The usual suspects -- profile it, find the most expensive line, figure out what it's doing, fix it. If you haven't done much profiling before, there could be some big fat quadratic loops or string duplication hiding behind otherwise innocuous-looking expressions.
In Python, two of the most common causes I've found for non-obvious slowdown are string concatenation and generators. Since Python's strings are immutable, doing something like this:
result = u""
for item in my_list:
result += unicode (item)
will copy the entire string twice per iteration. This has been well-covered, and the solution is to use "".join
:
result = "".join (unicode (item) for item in my_list)
Generators are another culprit. They're very easy to use and can simplify some tasks enormously, but a poorly-applied generator will be much slower than simply appending items to a list and returning the list.
Finally, don't be afraid to rewrite bits in C! Python, as a dynamic high-level language, is simply not capable of matching C's speed.
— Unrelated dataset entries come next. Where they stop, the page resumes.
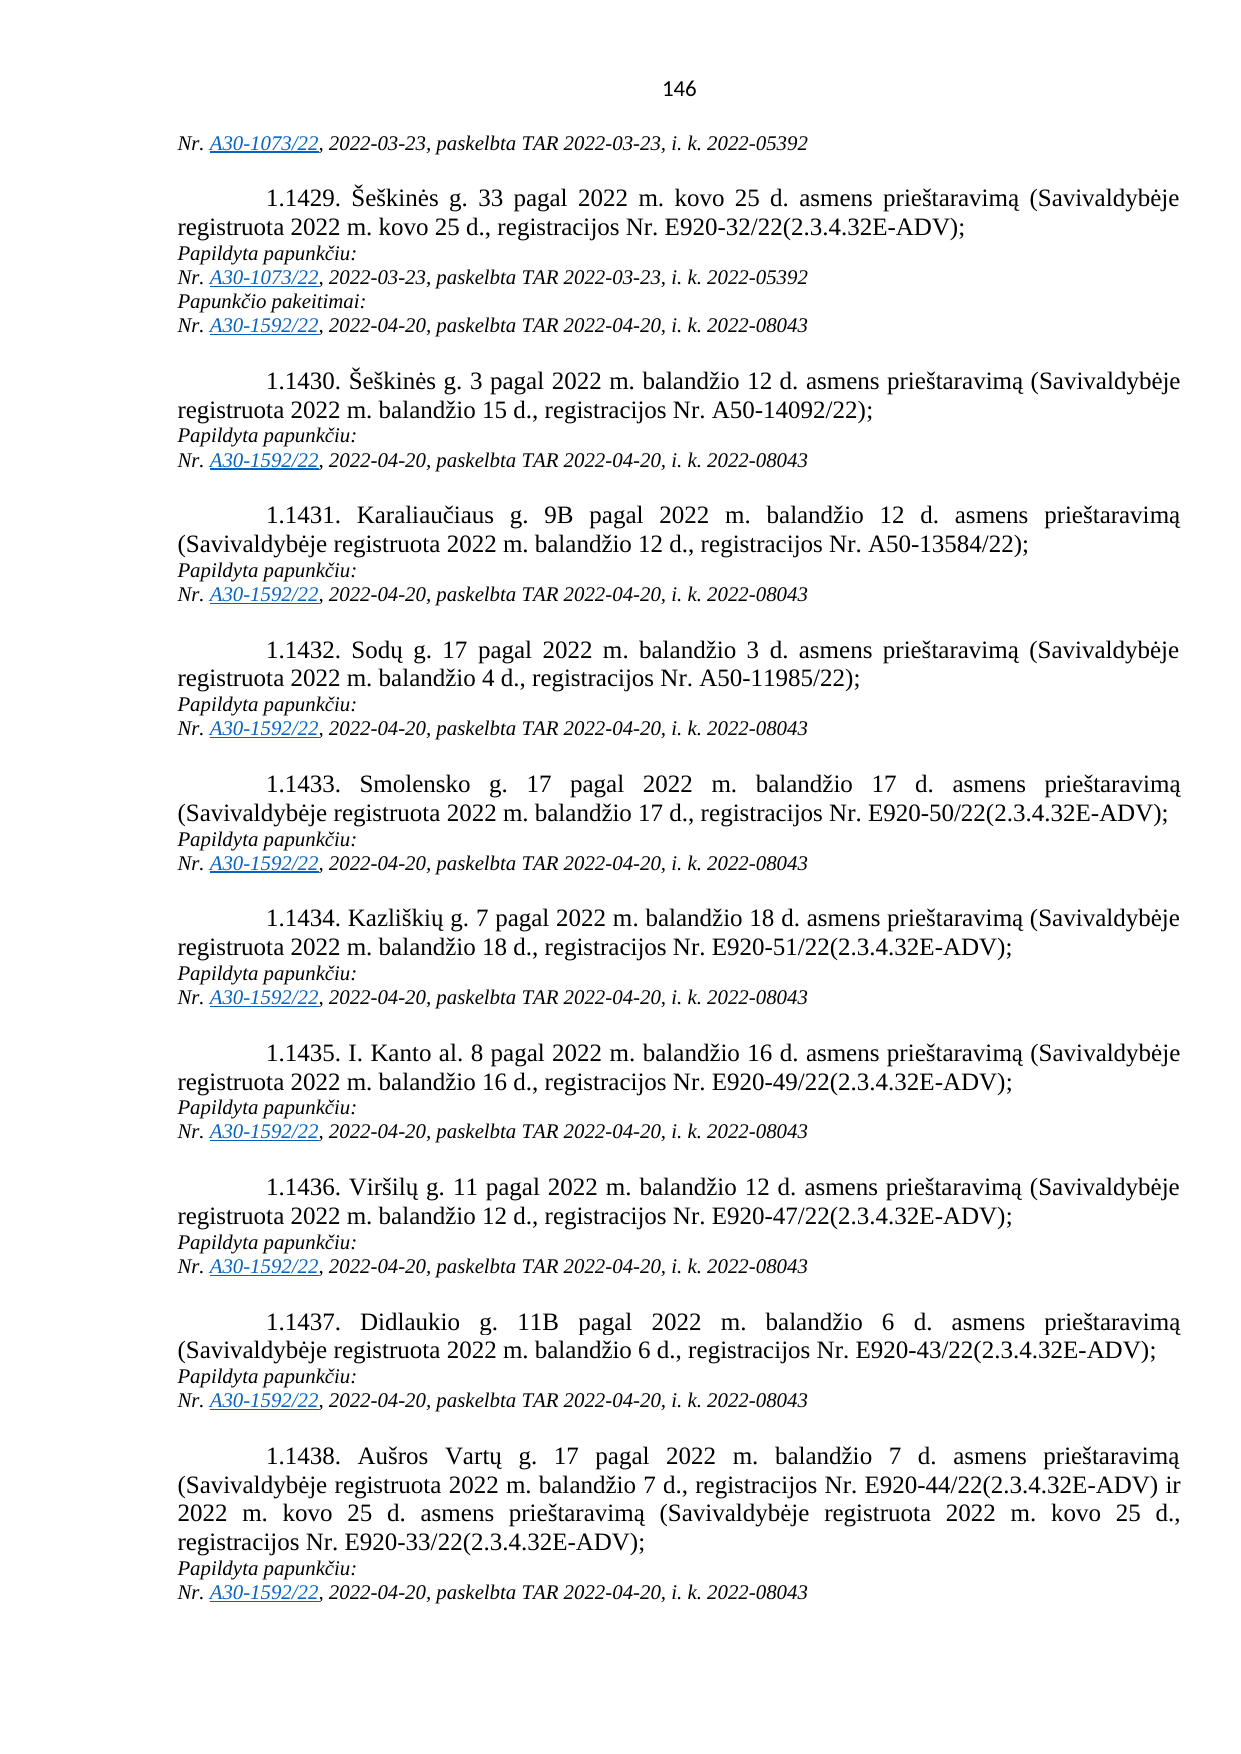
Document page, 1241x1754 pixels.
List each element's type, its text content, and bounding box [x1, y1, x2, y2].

text Nr. A30-1592/22, 2022-04-20, paskelbta TAR 2022-04-20, i. k. 2022-08043 [177, 716, 1181, 740]
text Papildyta papunkčiu: [177, 1095, 1181, 1119]
text Nr. A30-1073/22, 2022-03-23, paskelbta TAR 2022-03-23, i. k. 2022-05392 [177, 265, 1181, 289]
text 1.1432. Sodų g. 17 pagal 2022 m. balandžio 3 d. asmens prieštaravimą (Savivaldybėje registruota 2022 m. balandžio 4 d., registracijos Nr. A50-11985/22); [177, 635, 1181, 692]
text Papildyta papunkčiu: [177, 1230, 1181, 1254]
text Papildyta papunkčiu: [177, 423, 1181, 447]
text Nr. A30-1592/22, 2022-04-20, paskelbta TAR 2022-04-20, i. k. 2022-08043 [177, 1119, 1181, 1143]
text 1.1436. Viršilų g. 11 pagal 2022 m. balandžio 12 d. asmens prieštaravimą (Savivaldybėje registruota 2022 m. balandžio 12 d., registracijos Nr. E920-47/22(2.3.4.32E-ADV); [177, 1172, 1181, 1230]
text Papunkčio pakeitimai: [177, 289, 1181, 313]
text Papildyta papunkčiu: [177, 827, 1181, 851]
text 1.1437. Didlaukio g. 11B pagal 2022 m. balandžio 6 d. asmens prieštaravimą (Savivaldybėje registruota 2022 m. balandžio 6 d., registracijos Nr. E920-43/22(2.3.4.32E-ADV); [177, 1307, 1181, 1364]
text Papildyta papunkčiu: [177, 692, 1181, 716]
text Papildyta papunkčiu: [177, 558, 1181, 582]
text Nr. A30-1592/22, 2022-04-20, paskelbta TAR 2022-04-20, i. k. 2022-08043 [177, 1254, 1181, 1278]
text 1.1438. Aušros Vartų g. 17 pagal 2022 m. balandžio 7 d. asmens prieštaravimą (Savivaldybėje registruota 2022 m. balandžio 7 d., registracijos Nr. E920-44/22(2.3.4.32E-ADV) ir 2022 m. kovo 25 d. asmens prieštaravimą (Savivaldybėje registruota 2022 m. kovo 25 d., registracijos Nr. E920-33/22(2.3.4.32E-ADV); [177, 1441, 1181, 1556]
text 1.1434. Kazliškių g. 7 pagal 2022 m. balandžio 18 d. asmens prieštaravimą (Savivaldybėje registruota 2022 m. balandžio 18 d., registracijos Nr. E920-51/22(2.3.4.32E-ADV); [177, 903, 1181, 961]
text Nr. A30-1592/22, 2022-04-20, paskelbta TAR 2022-04-20, i. k. 2022-08043 [177, 313, 1181, 337]
text Papildyta papunkčiu: [177, 241, 1181, 265]
text Papildyta papunkčiu: [177, 1364, 1181, 1388]
text 1.1433. Smolensko g. 17 pagal 2022 m. balandžio 17 d. asmens prieštaravimą (Savivaldybėje registruota 2022 m. balandžio 17 d., registracijos Nr. E920-50/22(2.3.4.32E-ADV); [177, 769, 1181, 827]
text Nr. A30-1592/22, 2022-04-20, paskelbta TAR 2022-04-20, i. k. 2022-08043 [177, 447, 1181, 472]
text Nr. A30-1592/22, 2022-04-20, paskelbta TAR 2022-04-20, i. k. 2022-08043 [177, 851, 1181, 875]
text Papildyta papunkčiu: [177, 961, 1181, 985]
text Nr. A30-1592/22, 2022-04-20, paskelbta TAR 2022-04-20, i. k. 2022-08043 [177, 582, 1181, 606]
text 1.1435. I. Kanto al. 8 pagal 2022 m. balandžio 16 d. asmens prieštaravimą (Savivaldybėje registruota 2022 m. balandžio 16 d., registracijos Nr. E920-49/22(2.3.4.32E-ADV); [177, 1038, 1181, 1095]
text 1.1430. Šeškinės g. 3 pagal 2022 m. balandžio 12 d. asmens prieštaravimą (Savivaldybėje registruota 2022 m. balandžio 15 d., registracijos Nr. A50-14092/22); [177, 366, 1181, 423]
text Nr. A30-1592/22, 2022-04-20, paskelbta TAR 2022-04-20, i. k. 2022-08043 [177, 1580, 1181, 1604]
text Nr. A30-1592/22, 2022-04-20, paskelbta TAR 2022-04-20, i. k. 2022-08043 [177, 1388, 1181, 1412]
text Papildyta papunkčiu: [177, 1556, 1181, 1580]
text Nr. A30-1073/22, 2022-03-23, paskelbta TAR 2022-03-23, i. k. 2022-05392 [177, 131, 1181, 155]
text 1.1429. Šeškinės g. 33 pagal 2022 m. kovo 25 d. asmens prieštaravimą (Savivaldybėje registruota 2022 m. kovo 25 d., registracijos Nr. E920-32/22(2.3.4.32E-ADV); [177, 183, 1181, 241]
text Nr. A30-1592/22, 2022-04-20, paskelbta TAR 2022-04-20, i. k. 2022-08043 [177, 985, 1181, 1009]
text 1.1431. Karaliaučiaus g. 9B pagal 2022 m. balandžio 12 d. asmens prieštaravimą (Savivaldybėje registruota 2022 m. balandžio 12 d., registracijos Nr. A50-13584/22); [177, 500, 1181, 558]

If there's one function that you can't optimize any more in Python, consider extracting it to an extension module.
My favorite technique for this is to maintain both Python and C versions of a module. The Python version is written to be as clear and obvious as possible -- any bugs should be easy to diagnose and fix. Write your tests against this module. Then write the C version, and test it. Its behavior should in all cases equal that of the Python implementation -- if they differ, it should be very easy to figure out which is wrong and correct the problem.